Investigación reveladora: los gatos son susceptibles a una enfermedad cerebral similar al alzhéimer

Lo que los científicos descubrieron en el cerebro de los gatos cambia todo

Los investigadores están detectando en los cerebros felinos inquietantes similitudes con personas mayores que padecen demencia, y esto podría tener consecuencias enormes tanto para animales como para humanos.

Un equipo internacional de investigación ha encontrado indicios de que los gatos, al igual que las personas, pueden desarrollar en sus últimos años una forma de demencia extraordinariamente parecida al alzhéimer. El estudio aporta una visión completamente nueva sobre cómo envejece el cerebro y, al mismo tiempo, arroja otra luz sobre ciertos comportamientos extraños que muestran los gatos domésticos de edad avanzada.

El cerebro felino envejece más rápido de lo que creíamos

Investigadores de instituciones como Harvard, el MIT, la Universidad de Chicago Booth y Cornell reunieron datos médicos y escáneres cerebrales de miles de gatos. Los resultados muestran que el cerebro del gato se encoge con los años y pierde funciones de manera comparable al cerebro humano durante el declive cognitivo.

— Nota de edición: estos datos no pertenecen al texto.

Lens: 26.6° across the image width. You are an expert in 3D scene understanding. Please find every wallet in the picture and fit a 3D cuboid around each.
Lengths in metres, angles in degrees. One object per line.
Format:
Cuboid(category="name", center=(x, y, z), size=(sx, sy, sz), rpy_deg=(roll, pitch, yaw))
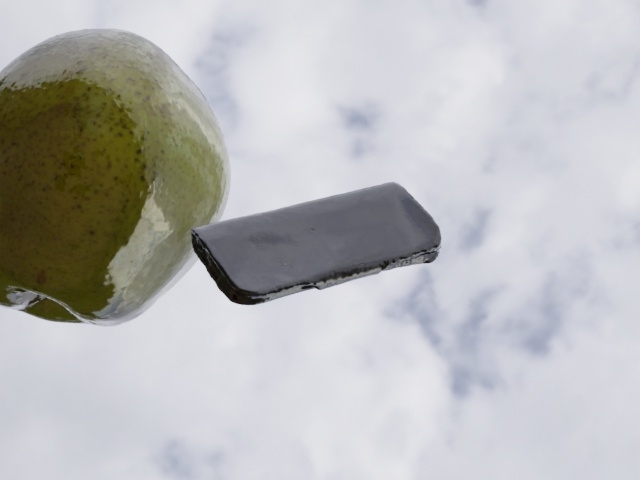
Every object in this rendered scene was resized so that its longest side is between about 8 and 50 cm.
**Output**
Cuboid(category="wallet", center=(0.000, 0.000, 0.880), size=(0.082, 0.156, 0.018), rpy_deg=(52, -33, 40))

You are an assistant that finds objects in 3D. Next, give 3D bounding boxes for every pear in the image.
Cuboid(category="pear", center=(-0.222, -0.062, 1.320), size=(0.294, 0.294, 0.294), rpy_deg=(11, -70, 33))
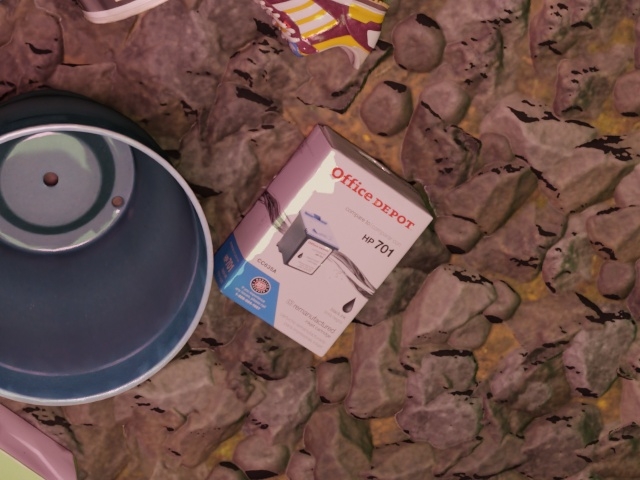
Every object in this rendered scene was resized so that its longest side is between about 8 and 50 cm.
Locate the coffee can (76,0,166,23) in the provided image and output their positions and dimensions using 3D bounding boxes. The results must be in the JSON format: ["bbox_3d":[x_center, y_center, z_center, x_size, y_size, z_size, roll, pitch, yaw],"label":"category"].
[{"bbox_3d":[-0.200,-0.363,1.745,0.201,0.201,0.275,-31,114,3],"label":"coffee can"}]

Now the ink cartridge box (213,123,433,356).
[{"bbox_3d":[0.000,0.000,1.997,0.139,0.082,0.190,33,104,-21],"label":"ink cartridge box"}]

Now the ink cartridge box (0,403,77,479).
[{"bbox_3d":[-0.440,0.320,2.022,0.207,0.119,0.353,38,100,-22],"label":"ink cartridge box"}]

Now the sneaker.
[{"bbox_3d":[-0.027,-0.224,1.907,0.185,0.069,0.084,17,102,-16],"label":"sneaker"}]

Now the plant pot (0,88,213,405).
[{"bbox_3d":[-0.253,-0.021,1.845,0.272,0.255,0.271,-4,113,-10],"label":"plant pot"}]
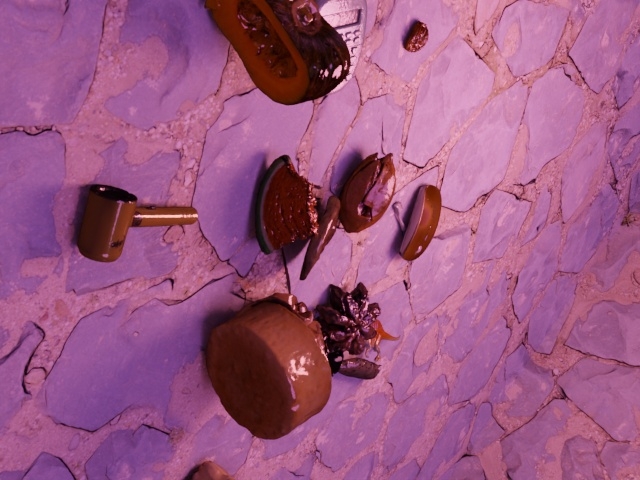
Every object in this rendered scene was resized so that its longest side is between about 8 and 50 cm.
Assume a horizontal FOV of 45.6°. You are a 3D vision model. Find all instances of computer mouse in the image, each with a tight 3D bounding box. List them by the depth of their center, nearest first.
[{"bbox_3d":[0.314,-0.050,2.336,0.126,0.056,0.245,10,101,-55],"label":"computer mouse"}]

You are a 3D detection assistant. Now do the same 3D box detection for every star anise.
[{"bbox_3d":[0.079,0.243,2.203,0.236,0.109,0.223,0,112,-29],"label":"star anise"}]

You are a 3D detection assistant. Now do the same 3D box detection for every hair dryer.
[{"bbox_3d":[-0.363,-0.036,1.558,0.278,0.090,0.135,-5,117,-55],"label":"hair dryer"}]

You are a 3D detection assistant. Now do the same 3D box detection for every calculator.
[{"bbox_3d":[0.034,-0.478,1.757,0.184,0.042,0.295,-25,133,-38],"label":"calculator"}]

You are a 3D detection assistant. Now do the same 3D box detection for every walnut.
[{"bbox_3d":[0.127,-0.128,2.033,0.137,0.137,0.245,18,102,-53],"label":"walnut"}]

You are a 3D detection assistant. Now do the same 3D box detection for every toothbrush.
[{"bbox_3d":[0.261,-0.023,2.343,0.025,0.019,0.276,-52,143,-25],"label":"toothbrush"}]

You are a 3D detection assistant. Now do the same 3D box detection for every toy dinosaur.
[{"bbox_3d":[0.173,0.304,2.445,0.212,0.057,0.142,-36,121,-45],"label":"toy dinosaur"}]

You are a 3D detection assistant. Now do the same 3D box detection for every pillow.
[{"bbox_3d":[0.128,0.405,2.424,0.093,0.051,0.241,-32,147,24],"label":"pillow"}]

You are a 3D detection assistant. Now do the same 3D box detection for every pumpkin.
[{"bbox_3d":[-0.090,-0.412,1.505,0.139,0.222,0.317,-49,114,-29],"label":"pumpkin"}]

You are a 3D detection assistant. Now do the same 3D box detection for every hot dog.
[{"bbox_3d":[0.253,-0.528,1.982,0.058,0.035,0.083,24,94,-50],"label":"hot dog"}]

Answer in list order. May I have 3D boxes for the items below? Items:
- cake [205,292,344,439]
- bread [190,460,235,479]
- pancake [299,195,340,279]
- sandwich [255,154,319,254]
[{"bbox_3d":[-0.079,0.291,1.911,0.321,0.332,0.332,-28,133,-43],"label":"cake"},{"bbox_3d":[-0.283,0.855,2.080,0.371,0.279,0.390,-44,143,-18],"label":"bread"},{"bbox_3d":[0.000,0.000,1.924,0.242,0.050,0.242,-156,-90,-90],"label":"pancake"},{"bbox_3d":[-0.078,-0.088,1.810,0.079,0.159,0.235,-28,114,-64],"label":"sandwich"}]
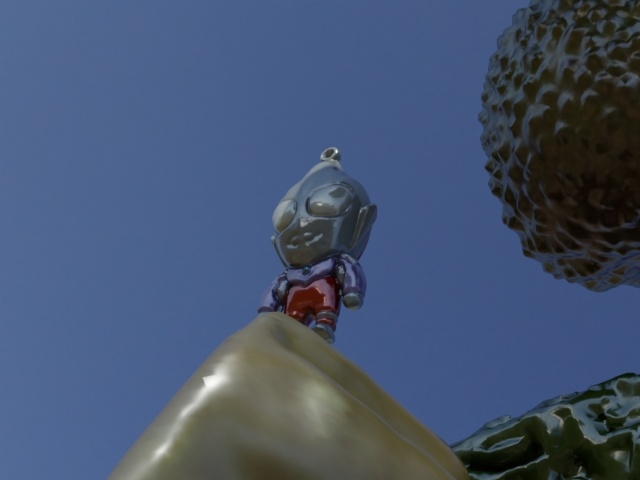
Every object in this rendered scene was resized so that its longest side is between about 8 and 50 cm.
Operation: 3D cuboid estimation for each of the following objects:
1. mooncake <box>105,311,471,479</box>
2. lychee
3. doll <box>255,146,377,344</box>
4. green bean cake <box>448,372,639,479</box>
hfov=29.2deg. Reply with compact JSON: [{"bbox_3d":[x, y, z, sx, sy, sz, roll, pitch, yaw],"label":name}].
[{"bbox_3d":[-0.059,0.239,0.713,0.201,0.378,0.378,35,-47,4],"label":"mooncake"},{"bbox_3d":[0.266,-0.080,0.992,0.320,0.270,0.270,37,-48,16],"label":"lychee"},{"bbox_3d":[0.000,0.000,1.039,0.102,0.227,0.075,-13,-46,23],"label":"doll"},{"bbox_3d":[0.202,0.232,0.833,0.250,0.247,0.156,-19,-38,11],"label":"green bean cake"}]

En los gatos mayores aparecen los mismos patrones que en personas de edad avanzada: problemas de memoria, confusión, cambios de comportamiento e incluso atrofia cerebral demostrable.

En humanos, este tipo de deterioro suele asociarse al alzhéimer: acumulación de proteínas, reducción de las conexiones entre neuronas y daño progresivo en las zonas del cerebro que regulan la memoria y la orientación. Ahora los investigadores están observando un panorama parcialmente idéntico en los cerebros de los gatos.

Comportamientos que muchos dueños ya reconocen

Muchos amantes de los gatos ya han notado en sus animales mayores señales que encajan perfectamente con este hallazgo. Los investigadores vinculan los siguientes síntomas con un posible envejecimiento cerebral:

  • el gato pide comida repetidamente como si hubiera olvidado que el cuenco ya estaba lleno
  • maullidos sin motivo aparente o "llamadas" en mitad de la noche
  • desorientación respecto al arenero, o hacer sus necesidades justo al lado
  • deambular confundido por la casa, llegando incluso a quedarse atascado en rincones
  • pérdida de interés en jugar, en las personas o en otros animales

Por sí sola, cada una de estas señales puede tener otras causas, como dolor, problemas de audición o mala visión. Precisamente por eso, el estudio específico del cerebro felino resulta tan valioso.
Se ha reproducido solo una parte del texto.